1. You always have to make excuses when your friends wanna hang out and do things that involve actually spending money…
2. …or you suggest boring activities that won’t cost anything.
3. This is pretty much what your diet consists of. Breakfast, lunch, dinner. Every single day. Always.
4. You’ve wondered how necessary it really is to eat every day.
5. You’ve also calculated just how many jobs you can fit into your schedule if you forgo sleep entirely.
6. You don’t know what it feels like to actually have money in your bank account, because as soon as you get paid, it all goes towards your bills.
7. The highlight of your day is finding a quarter on the ground.
8. You’ve gotten crafty when it comes to saving on gas.
9. In fact, you’ve started walking home from work to save on gas. It’s about 10 miles, but no biggie.
10. Forget replacing clothing. If they can be sewn, patched, stapled, etc. you will wear those same pair of jeans until they no longer fit or you die.
11. You never bother paying for full-sized condiments…
12. And all of the toiletries in your bathroom are just tons of free samples.
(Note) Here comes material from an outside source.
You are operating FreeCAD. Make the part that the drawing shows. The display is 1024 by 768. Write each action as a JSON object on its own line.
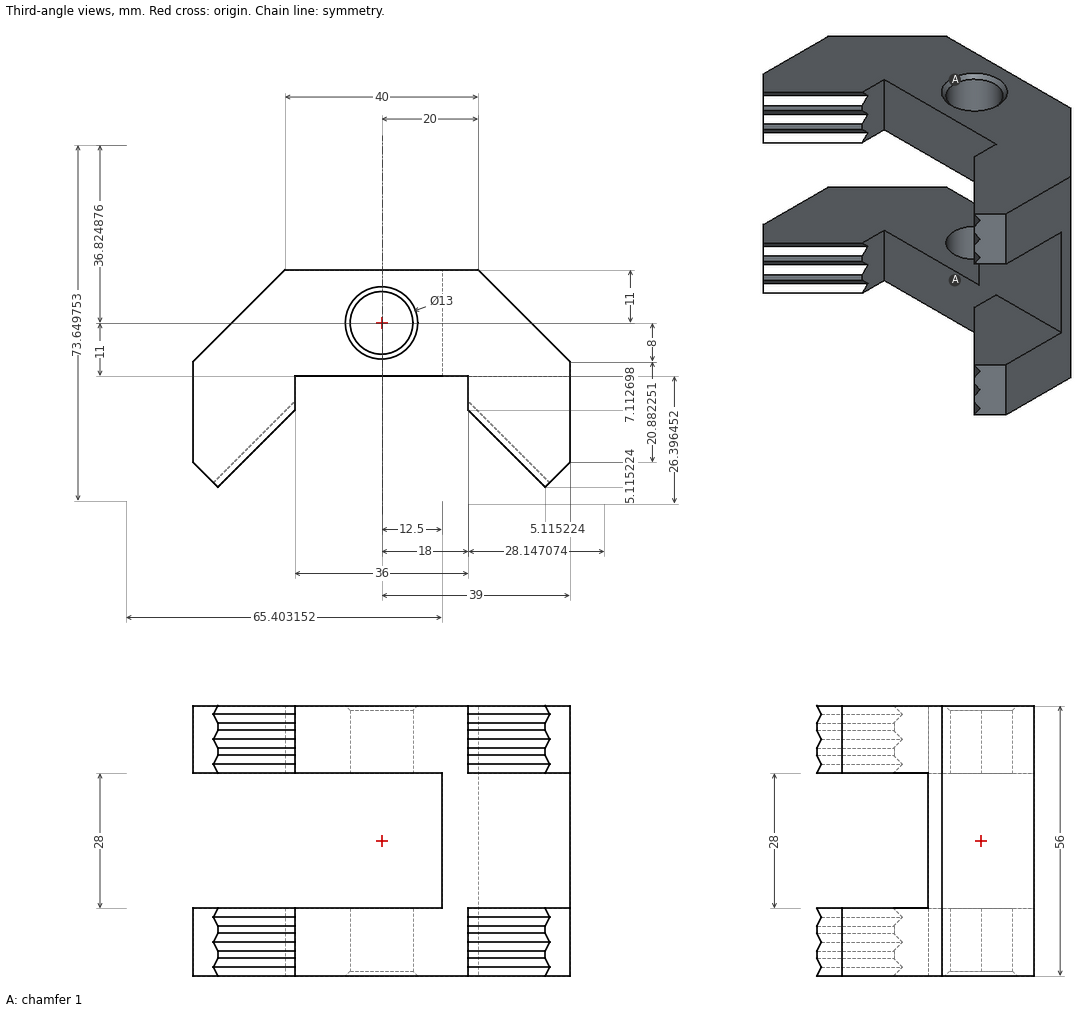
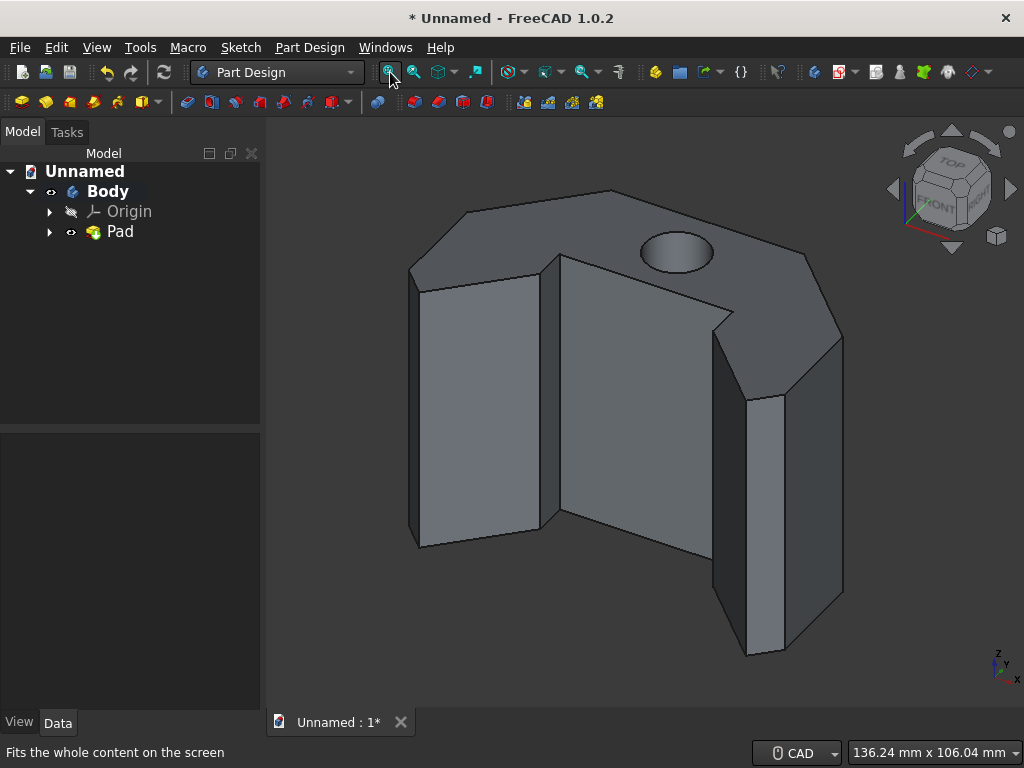
{"action": "left_click", "coordinate": [50, 212]}

13. You’ve gotten pretty good at cutting your own hair. Or at least that’s the lie you tell yourself.
14. You don’t get mad at the old lady paying for her groceries with a bag of pennies, because you’re about to do the same.
15. Who needs medical care and fancy doctor office visits when you’ve got the Internet to diagnose your ailments?
16. You want to punch people in the face when they say money can’t buy happiness.